Out of more than 277,000 people currently on the NDIS, Ms Mallett said around 60 per cent have a cognitive impairment.

"These people are mainly dependant on family, friends and other people — like their support workers and service providers — to speak up for them," she said.

Ms Mallett argued that access to independent advocacy was "crucial" to the success of the NDIS.

These are just some of the problems that we see in the current scheme, but on top of this we know that there is inadequate training for staff. We know from reports that planners are asking participants inappropriate questions about their disability because they simply haven't been trained on how to work with people who have a disability.

One of the biggest problems with the services is that there is simply not enough service in regional areas. People can't access the services they have been funded to get, because they just don't exist, so, rather than doing some work on improving those, this government here is bringing in this bill to remove the independence. There is also an inability to utilise services properly. There is a massive bottleneck of services, meaning some participants can't utilise their plans properly, which leads to extra money left in their plans, which usually leads to a review where participants' plans are cut because they didn't spend it.

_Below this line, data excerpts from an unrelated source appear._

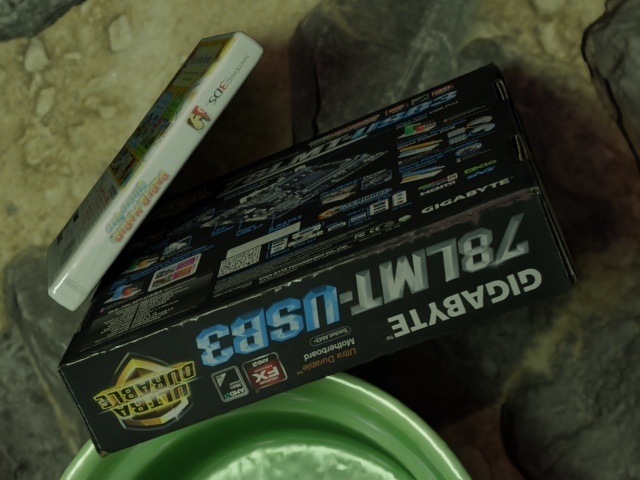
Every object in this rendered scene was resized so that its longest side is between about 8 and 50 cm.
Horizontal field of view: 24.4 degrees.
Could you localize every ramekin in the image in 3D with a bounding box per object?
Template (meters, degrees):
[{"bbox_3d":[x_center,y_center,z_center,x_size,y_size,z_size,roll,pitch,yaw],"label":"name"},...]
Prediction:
[{"bbox_3d":[-0.025,0.236,0.962,0.303,0.148,0.303,-2,77,10],"label":"ramekin"}]

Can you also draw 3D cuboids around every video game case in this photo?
[{"bbox_3d":[-0.122,-0.055,1.033,0.026,0.227,0.206,36,89,-12],"label":"video game case"}]

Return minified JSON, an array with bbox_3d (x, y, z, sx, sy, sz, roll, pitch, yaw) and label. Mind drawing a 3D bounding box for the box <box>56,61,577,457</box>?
[{"bbox_3d":[0.000,0.000,0.950,0.295,0.293,0.073,-21,106,9],"label":"box"}]
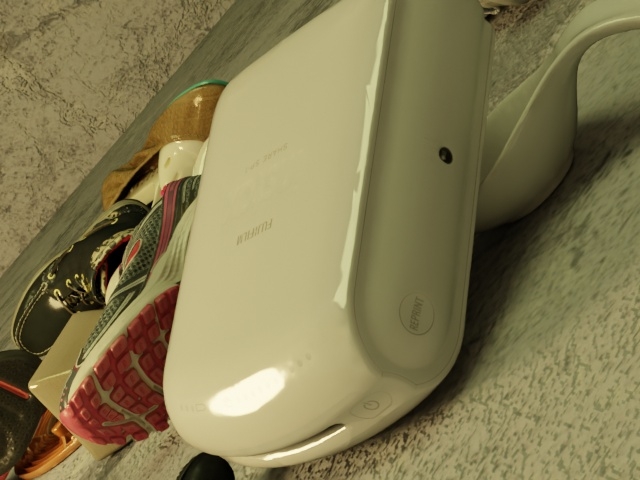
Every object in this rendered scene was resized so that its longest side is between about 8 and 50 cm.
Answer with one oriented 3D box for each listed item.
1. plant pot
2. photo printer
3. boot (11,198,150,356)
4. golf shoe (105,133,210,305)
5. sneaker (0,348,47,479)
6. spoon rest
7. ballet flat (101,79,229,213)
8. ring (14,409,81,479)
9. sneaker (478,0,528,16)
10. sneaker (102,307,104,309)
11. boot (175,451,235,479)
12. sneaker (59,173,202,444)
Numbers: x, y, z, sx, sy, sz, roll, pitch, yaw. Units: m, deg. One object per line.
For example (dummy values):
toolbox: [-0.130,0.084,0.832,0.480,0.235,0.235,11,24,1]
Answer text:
plant pot: [-0.192,0.127,1.484,0.096,0.109,0.109,-23,27,37]
photo printer: [0.000,0.000,1.058,0.256,0.107,0.307,-26,49,52]
boot: [-0.280,0.057,1.838,0.236,0.085,0.178,-48,16,0]
golf shoe: [-0.090,-0.017,1.576,0.306,0.115,0.140,-58,26,-8]
sneaker: [-0.397,0.238,1.725,0.314,0.116,0.136,-56,3,14]
spoon rest: [0.159,-0.089,1.022,0.276,0.084,0.137,-33,21,45]
ballet flat: [-0.210,-0.090,2.129,0.342,0.116,0.124,-34,40,46]
ring: [-0.244,0.131,1.770,0.336,0.032,0.336,-44,15,15]
sneaker: [0.133,-0.229,1.512,0.281,0.105,0.115,-159,80,-73]
sneaker: [-0.284,0.044,2.051,0.188,0.066,0.071,-53,13,-17]
boot: [-0.073,0.191,1.059,0.099,0.045,0.121,-33,28,54]
sneaker: [-0.147,0.061,1.415,0.112,0.121,0.299,5,47,34]
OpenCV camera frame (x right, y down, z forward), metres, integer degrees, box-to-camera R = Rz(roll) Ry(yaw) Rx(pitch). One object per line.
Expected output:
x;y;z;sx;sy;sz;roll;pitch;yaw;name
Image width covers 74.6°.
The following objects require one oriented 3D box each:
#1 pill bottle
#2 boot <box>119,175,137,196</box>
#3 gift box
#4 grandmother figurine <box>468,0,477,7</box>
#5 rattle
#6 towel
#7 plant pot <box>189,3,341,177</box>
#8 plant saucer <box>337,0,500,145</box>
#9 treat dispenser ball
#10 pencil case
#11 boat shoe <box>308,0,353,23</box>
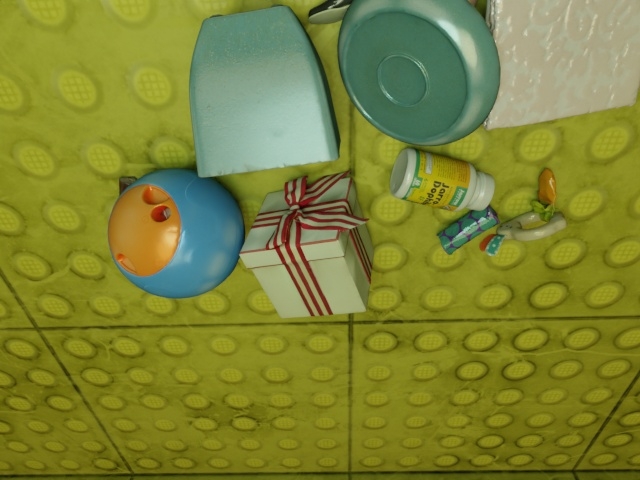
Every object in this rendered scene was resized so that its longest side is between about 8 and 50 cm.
0.273;-0.130;0.947;0.208;0.117;0.117;12;126;-9;pill bottle
-0.447;-0.097;1.034;0.106;0.037;0.114;18;120;-15;boot
0.000;0.000;0.970;0.276;0.255;0.258;-13;128;17;gift box
0.228;-0.379;0.776;0.208;0.104;0.342;-3;131;-16;grandmother figurine
0.466;-0.060;1.007;0.200;0.130;0.143;-15;126;25;rattle
0.425;-0.371;0.707;0.317;0.053;0.332;-12;123;-5;towel
-0.099;-0.276;0.774;0.247;0.248;0.252;-6;111;5;plant pot
0.154;-0.294;0.754;0.317;0.043;0.317;30;151;19;plant saucer
-0.313;-0.015;0.933;0.288;0.288;0.288;0;127;0;treat dispenser ball
0.370;-0.030;1.055;0.152;0.064;0.070;-37;156;24;pencil case
0.038;-0.434;0.770;0.133;0.049;0.042;-11;93;19;boat shoe

The IT system is not fit for purpose either. This was borrowed from Centrelink and is so confusing that even service providers are having trouble with it, let alone the very people that it is supposed to help: people with disability who are trying to use the system to access their funding. Yet the unspent funding is being cut through no fault of the people who got that funding but because of the fault of the system that isn't working for them.

The Greens believe that a healthy, functioning society embraces diversity and removes barriers to provide for equitable access and participation by all. All people have a right to independence, self-determination and choice in their lives. Surely everyone in this chamber agrees with that, and if you do agree with that then you cannot support this really flawed and terrible bill.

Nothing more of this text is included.